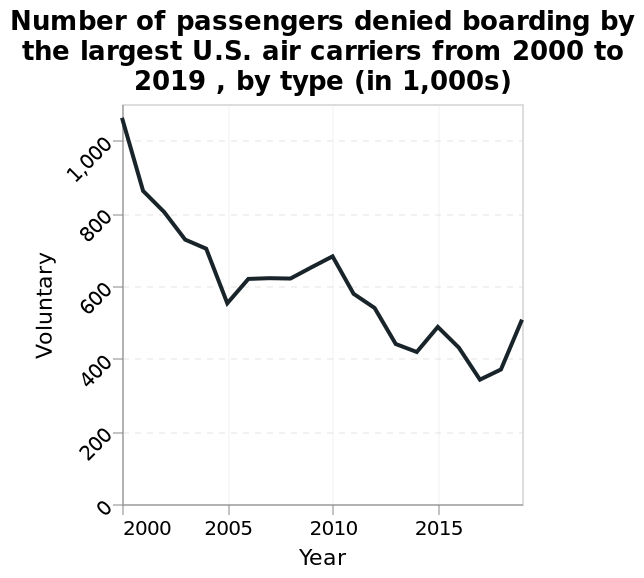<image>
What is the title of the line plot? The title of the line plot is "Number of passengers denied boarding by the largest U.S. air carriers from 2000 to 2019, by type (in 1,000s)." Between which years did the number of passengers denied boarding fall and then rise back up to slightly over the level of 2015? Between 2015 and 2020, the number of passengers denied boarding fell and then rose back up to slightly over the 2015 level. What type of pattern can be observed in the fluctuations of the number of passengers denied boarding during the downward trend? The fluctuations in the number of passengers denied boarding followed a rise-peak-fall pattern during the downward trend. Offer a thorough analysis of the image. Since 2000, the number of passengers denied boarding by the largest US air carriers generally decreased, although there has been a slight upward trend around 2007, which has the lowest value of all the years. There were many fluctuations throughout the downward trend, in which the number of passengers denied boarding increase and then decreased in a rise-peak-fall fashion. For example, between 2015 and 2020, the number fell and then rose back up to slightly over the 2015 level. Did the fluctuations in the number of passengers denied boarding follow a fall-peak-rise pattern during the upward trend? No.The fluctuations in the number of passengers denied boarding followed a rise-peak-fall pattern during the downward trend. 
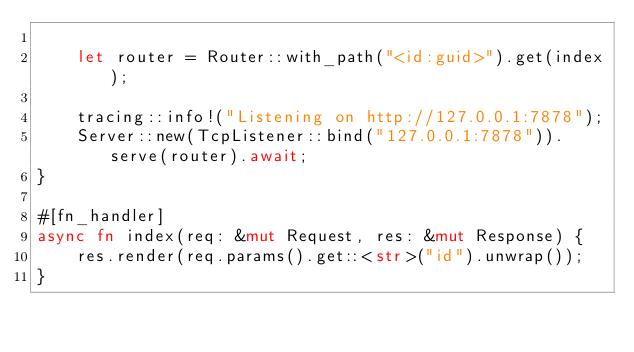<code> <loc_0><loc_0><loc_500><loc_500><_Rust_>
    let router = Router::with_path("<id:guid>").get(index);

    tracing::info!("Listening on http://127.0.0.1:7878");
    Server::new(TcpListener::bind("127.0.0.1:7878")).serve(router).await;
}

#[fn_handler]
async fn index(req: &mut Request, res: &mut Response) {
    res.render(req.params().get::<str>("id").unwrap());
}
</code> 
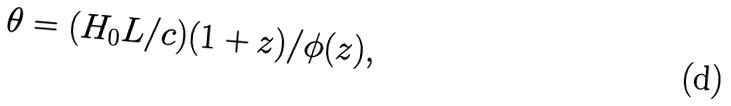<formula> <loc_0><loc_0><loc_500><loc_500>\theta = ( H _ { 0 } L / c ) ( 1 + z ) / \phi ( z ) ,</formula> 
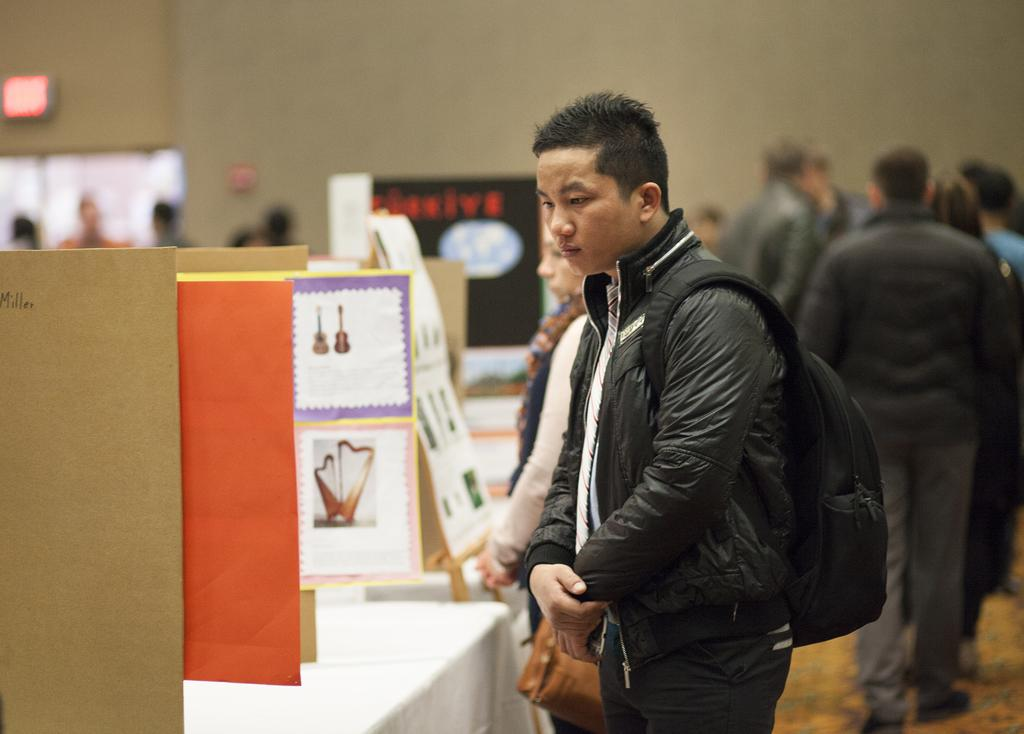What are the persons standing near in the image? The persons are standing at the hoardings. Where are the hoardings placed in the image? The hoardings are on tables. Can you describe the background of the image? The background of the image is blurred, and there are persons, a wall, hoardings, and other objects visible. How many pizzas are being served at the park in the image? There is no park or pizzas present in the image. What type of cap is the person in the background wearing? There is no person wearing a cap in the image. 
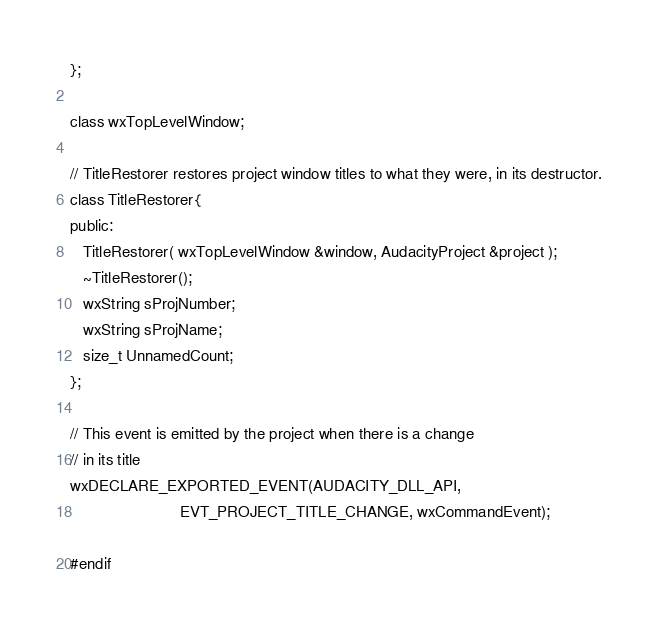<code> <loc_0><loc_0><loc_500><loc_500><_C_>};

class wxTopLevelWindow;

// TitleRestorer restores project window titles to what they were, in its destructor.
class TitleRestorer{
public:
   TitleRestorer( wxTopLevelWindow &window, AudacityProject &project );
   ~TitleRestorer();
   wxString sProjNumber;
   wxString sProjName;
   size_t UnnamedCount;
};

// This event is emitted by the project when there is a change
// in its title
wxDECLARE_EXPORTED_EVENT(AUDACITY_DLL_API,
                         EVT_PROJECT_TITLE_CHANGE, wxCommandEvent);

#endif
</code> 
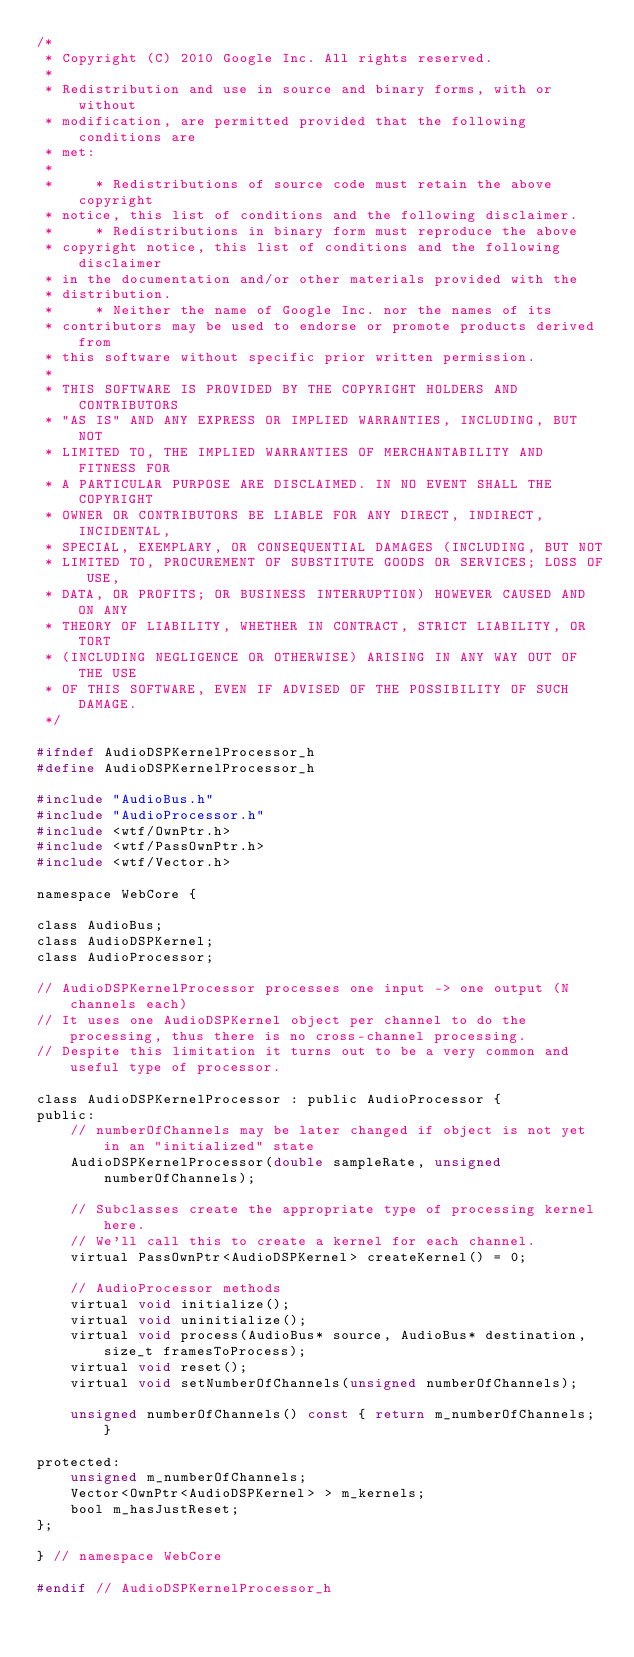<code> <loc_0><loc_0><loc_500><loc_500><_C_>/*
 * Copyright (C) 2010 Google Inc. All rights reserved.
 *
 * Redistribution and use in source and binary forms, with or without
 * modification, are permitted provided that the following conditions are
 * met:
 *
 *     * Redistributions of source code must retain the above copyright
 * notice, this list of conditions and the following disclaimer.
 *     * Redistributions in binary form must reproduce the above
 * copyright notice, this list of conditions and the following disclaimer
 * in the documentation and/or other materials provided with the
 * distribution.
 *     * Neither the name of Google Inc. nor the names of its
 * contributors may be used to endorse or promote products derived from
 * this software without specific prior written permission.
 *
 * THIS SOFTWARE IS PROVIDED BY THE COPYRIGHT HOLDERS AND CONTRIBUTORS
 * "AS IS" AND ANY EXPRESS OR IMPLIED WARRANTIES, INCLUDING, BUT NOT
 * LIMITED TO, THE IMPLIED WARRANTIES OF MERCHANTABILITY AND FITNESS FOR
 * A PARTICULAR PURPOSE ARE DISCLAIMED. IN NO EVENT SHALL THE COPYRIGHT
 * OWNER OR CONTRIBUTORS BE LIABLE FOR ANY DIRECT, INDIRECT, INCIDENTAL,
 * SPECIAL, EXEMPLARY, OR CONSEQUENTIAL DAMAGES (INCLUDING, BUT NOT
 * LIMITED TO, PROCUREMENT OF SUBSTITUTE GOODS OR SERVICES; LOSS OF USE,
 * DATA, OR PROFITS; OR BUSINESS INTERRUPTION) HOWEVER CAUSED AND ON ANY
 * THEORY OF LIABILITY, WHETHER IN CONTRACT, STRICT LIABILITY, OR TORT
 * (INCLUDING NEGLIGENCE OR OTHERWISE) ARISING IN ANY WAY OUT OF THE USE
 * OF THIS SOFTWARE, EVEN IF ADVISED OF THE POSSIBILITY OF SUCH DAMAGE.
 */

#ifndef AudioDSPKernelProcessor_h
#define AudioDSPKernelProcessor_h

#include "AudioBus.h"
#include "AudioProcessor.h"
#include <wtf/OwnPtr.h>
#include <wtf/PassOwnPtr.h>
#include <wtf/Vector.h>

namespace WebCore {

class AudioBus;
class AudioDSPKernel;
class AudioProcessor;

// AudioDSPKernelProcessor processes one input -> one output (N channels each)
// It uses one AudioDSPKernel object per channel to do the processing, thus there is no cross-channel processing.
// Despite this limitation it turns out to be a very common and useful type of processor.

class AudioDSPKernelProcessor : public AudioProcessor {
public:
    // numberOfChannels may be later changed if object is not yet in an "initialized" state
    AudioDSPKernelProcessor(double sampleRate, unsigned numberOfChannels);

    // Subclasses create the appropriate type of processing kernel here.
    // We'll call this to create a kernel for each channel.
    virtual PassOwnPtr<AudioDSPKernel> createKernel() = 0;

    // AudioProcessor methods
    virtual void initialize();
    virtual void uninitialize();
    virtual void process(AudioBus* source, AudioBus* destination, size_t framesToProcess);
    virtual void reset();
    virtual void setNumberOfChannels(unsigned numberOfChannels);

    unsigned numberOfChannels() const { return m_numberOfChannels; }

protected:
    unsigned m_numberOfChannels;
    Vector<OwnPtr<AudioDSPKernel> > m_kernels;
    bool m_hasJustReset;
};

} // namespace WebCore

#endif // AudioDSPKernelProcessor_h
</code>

########################################

■ PROBLEM: How many lines in the material contain the string "unsigned"? Give the number alone.

■ TASK OUTPUT: 4